Открылся грузовой лифт, она успела войти в него и нажать какой-то этаж (кажется, седьмой), но, ещё когда нажимала, Упырь с разбега врезался в неё, отбросил к стене лифта и схватил за горло. Упырь явно не умел душить людей, хватка была неуклюжей, часть его пальцев бестолково скрючилась у неё на шее, и если бы не страх, который опять начал парализовывать её, она бы, наверное, смогла вырваться, оттолкнуть Упыря, выскочить в закрывающиеся двери лифта. Вместо этого она слишком долго смотрела, как дёргается его гладенький подбородок, и дышала, очень часто дышала, словно пыталась надышаться, пока он опытным путём не научился душить как следует.
Потом лифт зашуршал, судорожно пополз вверх, вытряхнул её из паралича. Она закричала, заколотила Упыря руками и ногами, и он отпустил её горло и на мгновение отшатнулся, даже в глазах его что-то мимолётно прояснилось.
– Лёша, а давай… давай чаю у нас попьёшь… – успела сказать она, пока длилось это просветление.
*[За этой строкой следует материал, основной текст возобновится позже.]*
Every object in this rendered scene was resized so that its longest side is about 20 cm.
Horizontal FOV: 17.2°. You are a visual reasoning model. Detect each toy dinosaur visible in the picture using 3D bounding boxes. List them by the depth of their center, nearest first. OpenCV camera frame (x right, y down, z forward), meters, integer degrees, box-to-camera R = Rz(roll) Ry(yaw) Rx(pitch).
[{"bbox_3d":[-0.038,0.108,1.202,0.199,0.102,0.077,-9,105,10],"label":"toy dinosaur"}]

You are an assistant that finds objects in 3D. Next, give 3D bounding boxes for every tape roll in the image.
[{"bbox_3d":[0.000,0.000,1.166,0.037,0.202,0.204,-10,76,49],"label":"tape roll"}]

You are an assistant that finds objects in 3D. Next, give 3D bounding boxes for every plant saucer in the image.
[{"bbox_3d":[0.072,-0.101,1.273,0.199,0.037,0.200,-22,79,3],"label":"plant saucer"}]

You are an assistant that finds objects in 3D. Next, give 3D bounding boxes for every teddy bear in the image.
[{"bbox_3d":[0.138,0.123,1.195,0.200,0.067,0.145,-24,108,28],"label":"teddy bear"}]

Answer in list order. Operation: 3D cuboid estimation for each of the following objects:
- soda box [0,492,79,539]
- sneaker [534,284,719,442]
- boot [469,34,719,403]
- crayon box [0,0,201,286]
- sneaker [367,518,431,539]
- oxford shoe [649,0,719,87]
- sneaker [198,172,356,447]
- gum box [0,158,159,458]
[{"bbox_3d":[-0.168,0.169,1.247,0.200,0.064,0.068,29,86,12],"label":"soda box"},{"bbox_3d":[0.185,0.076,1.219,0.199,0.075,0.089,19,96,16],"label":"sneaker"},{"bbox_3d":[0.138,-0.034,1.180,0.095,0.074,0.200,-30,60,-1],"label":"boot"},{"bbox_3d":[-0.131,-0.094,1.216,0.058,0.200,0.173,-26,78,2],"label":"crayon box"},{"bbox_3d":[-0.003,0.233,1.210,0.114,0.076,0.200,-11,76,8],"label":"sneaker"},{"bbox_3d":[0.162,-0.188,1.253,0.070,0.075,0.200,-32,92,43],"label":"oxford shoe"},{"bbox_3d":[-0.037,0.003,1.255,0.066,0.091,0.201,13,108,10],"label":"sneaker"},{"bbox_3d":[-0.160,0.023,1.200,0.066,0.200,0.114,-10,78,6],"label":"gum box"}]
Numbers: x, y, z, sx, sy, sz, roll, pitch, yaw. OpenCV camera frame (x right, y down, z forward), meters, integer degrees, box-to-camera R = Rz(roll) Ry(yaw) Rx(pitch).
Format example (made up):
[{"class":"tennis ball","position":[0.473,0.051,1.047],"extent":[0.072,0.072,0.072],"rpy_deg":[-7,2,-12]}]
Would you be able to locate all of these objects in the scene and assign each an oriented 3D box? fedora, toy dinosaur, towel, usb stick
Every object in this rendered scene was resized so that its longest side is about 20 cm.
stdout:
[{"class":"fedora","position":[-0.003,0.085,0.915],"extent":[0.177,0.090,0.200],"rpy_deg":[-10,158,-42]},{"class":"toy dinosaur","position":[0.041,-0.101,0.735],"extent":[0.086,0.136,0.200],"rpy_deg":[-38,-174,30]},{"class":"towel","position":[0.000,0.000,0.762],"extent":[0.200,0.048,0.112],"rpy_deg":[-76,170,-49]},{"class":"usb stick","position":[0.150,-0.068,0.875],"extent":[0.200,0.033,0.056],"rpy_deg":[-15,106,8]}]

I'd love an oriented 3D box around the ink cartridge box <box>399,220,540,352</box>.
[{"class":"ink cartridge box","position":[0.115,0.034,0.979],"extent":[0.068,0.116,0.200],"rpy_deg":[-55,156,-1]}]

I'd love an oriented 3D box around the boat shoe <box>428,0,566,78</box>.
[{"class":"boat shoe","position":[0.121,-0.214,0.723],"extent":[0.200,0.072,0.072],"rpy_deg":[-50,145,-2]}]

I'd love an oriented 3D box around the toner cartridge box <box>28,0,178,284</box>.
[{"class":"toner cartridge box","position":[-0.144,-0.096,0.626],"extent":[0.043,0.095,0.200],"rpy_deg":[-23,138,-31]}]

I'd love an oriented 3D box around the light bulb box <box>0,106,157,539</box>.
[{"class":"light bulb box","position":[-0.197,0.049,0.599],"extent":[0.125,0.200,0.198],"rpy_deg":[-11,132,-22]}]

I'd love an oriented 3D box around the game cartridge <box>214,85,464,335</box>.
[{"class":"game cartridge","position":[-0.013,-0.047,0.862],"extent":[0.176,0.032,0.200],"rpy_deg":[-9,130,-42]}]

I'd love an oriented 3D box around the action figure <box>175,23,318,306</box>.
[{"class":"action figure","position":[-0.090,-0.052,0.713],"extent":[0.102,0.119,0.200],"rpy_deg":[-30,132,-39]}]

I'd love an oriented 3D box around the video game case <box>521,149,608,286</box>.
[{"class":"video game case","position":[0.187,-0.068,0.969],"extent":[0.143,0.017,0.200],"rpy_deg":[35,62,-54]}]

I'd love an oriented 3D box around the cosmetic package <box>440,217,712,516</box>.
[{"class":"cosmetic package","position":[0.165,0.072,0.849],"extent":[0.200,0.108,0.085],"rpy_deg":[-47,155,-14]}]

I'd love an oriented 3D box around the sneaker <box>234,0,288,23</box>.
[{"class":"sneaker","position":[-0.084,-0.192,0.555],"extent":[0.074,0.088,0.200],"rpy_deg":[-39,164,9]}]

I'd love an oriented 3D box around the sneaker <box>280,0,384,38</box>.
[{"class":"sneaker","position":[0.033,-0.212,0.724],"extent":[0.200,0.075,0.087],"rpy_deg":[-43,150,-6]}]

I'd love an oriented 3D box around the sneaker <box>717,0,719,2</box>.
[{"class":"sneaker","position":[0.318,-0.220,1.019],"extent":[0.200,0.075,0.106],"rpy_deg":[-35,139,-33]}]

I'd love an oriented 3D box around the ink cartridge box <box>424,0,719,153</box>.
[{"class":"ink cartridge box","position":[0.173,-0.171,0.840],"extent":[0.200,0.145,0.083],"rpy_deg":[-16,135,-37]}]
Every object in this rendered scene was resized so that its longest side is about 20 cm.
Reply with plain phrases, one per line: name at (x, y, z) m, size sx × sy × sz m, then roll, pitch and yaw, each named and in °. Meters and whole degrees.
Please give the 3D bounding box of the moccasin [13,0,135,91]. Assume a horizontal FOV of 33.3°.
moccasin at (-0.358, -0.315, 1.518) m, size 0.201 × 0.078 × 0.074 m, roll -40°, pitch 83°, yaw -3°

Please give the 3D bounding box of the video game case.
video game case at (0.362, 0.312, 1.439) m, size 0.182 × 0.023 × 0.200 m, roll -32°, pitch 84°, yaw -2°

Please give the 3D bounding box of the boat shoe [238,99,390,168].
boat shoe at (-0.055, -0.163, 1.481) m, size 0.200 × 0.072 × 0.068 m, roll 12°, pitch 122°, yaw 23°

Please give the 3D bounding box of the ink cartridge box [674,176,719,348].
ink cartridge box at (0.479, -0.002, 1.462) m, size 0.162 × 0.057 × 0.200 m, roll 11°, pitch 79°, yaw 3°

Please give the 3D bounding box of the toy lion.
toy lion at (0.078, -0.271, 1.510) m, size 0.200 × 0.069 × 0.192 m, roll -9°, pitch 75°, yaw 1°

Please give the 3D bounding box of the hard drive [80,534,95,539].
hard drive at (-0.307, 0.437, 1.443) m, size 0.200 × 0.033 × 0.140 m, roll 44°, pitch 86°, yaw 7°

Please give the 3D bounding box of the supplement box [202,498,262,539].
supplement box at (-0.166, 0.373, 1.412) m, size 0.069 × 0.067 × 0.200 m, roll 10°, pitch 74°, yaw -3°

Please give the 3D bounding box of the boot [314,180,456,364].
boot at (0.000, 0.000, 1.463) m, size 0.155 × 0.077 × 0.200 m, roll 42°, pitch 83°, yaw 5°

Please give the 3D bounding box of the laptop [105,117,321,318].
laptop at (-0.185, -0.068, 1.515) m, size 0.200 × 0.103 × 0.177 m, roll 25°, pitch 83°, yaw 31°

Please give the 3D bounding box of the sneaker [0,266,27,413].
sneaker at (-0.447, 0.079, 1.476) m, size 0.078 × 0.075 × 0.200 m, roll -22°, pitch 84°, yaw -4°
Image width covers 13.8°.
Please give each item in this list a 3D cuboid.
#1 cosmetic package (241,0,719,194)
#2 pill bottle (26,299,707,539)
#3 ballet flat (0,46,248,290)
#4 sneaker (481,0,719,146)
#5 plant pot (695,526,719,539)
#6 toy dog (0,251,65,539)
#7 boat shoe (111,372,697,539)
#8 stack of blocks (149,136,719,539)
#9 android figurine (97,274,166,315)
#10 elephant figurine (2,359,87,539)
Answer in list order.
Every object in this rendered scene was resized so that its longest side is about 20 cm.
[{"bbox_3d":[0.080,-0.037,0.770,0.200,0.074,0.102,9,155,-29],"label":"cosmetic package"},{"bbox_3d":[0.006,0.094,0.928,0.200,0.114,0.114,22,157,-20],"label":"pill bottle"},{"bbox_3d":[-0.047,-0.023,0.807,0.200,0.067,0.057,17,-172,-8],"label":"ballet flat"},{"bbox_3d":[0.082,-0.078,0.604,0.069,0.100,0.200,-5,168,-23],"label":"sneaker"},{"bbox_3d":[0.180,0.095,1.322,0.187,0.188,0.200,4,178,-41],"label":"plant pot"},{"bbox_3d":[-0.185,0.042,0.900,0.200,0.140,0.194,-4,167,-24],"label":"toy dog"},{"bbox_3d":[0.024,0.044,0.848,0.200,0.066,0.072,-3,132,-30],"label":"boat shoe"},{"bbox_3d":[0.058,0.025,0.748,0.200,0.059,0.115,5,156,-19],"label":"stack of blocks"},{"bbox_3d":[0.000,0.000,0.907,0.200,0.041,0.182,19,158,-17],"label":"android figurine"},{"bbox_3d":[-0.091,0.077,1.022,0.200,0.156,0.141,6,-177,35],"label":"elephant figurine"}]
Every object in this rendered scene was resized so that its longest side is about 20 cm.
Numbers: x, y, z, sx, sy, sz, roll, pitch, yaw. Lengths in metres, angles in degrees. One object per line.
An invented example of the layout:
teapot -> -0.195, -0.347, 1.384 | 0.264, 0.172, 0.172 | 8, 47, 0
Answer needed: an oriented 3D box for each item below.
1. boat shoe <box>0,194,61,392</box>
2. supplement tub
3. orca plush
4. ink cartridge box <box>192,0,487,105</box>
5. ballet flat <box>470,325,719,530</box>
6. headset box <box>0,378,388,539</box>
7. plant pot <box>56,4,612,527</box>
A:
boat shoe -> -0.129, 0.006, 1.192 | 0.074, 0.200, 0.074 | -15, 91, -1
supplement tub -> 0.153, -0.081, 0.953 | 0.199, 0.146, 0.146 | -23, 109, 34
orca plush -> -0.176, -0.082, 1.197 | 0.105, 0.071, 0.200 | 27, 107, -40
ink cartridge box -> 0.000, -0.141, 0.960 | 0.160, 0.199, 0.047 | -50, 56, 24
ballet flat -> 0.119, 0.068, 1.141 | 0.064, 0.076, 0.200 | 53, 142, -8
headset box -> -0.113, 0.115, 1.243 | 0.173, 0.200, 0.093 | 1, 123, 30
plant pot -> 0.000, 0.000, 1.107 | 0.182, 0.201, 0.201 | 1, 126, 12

Ей казалось, что у неё оставался шанс: позвонить в первую попавшуюся дверь на этаже, где остановится лифт, и спугнуть Упыря чужими людьми (только бы кто-нибудь был дома). Потом, когда он уберётся, позвонить Серёжке, брату, сказать, чтоб приехал, чтобы с ним вместе пойти наконец в милицию. Там изложить всё от и до, за все эти годы, в письменном виде, должно же этого по совокупности хватить на срок, и пусть мама Упыря умоляет всех до посинения («ах, Лёшенька такой нервный, тонко чувствующий мальчик»), пошла она в бездонную жопу, самой надо было не в музыкальную школу гонять Лёшеньку, а научить его быть похожим на человека.
(В той жизни во всём рано или поздно оказывалась виновата женщина.)
Но волшебное мгновение кончилось. Упырь ничего не ответил, даже не заорал. Одной рукой он вцепился ей в лицо, другой снова схватил за шею и изо всех сил ударил её головой об стену лифта – сначала один раз, потом другой, потом третий, потом четвёртый.
Потом она потеряла сознание. Упырь продолжал колотить её головой об стену (методично, словно у него подвисла программа), пока её тело оседало на пол. Когда тело завалилось на бок, он четыре раза ударил её голову каблуком, каждый раз покручивая ногой, как будто давил насекомое. Её сердце остановилось через две минуты с лишним после финального удара. Упырь на тот момент уже удрал вниз по лестнице и, задыхаясь, бежал по детской площадке в соседнем дворе, и лифт тоже приехал обратно на первый этаж, потому что его вызвали парень и девушка с девятого, которые вернулись из магазина слишком поздно, чтобы спугнуть Упыря, но как раз вовремя, чтобы первыми наткнуться на её тело.
Всего этого она, естественно, уже не застала. Последнее событие её жизни случилось между первым и третьим ударом об стену, когда она поняла, что тонко чувствующий мальчик Лёшенька убивает её, и, несмотря на боль, успела вспомнить о хорошем. Этим хорошим почему-то стал тёплый сентябрьский день прошлого года, когда они с Варькой и Алей, зайчатой племянницей, гуляли на Елагином острове, она рассказывала девочкам про то, как древние греки догадались, что Земля шар, и Варьке, как обычно, было всё равно, а Аля слушала, затаив дыхание, и глядела на неё такими глазами, словно она, её любимая тётя Ира, не родила слишком рано, не бросила институт, не вышла замуж за подонка, – иначе говоря, словно она знала всё на свете и жила только так, как хотела.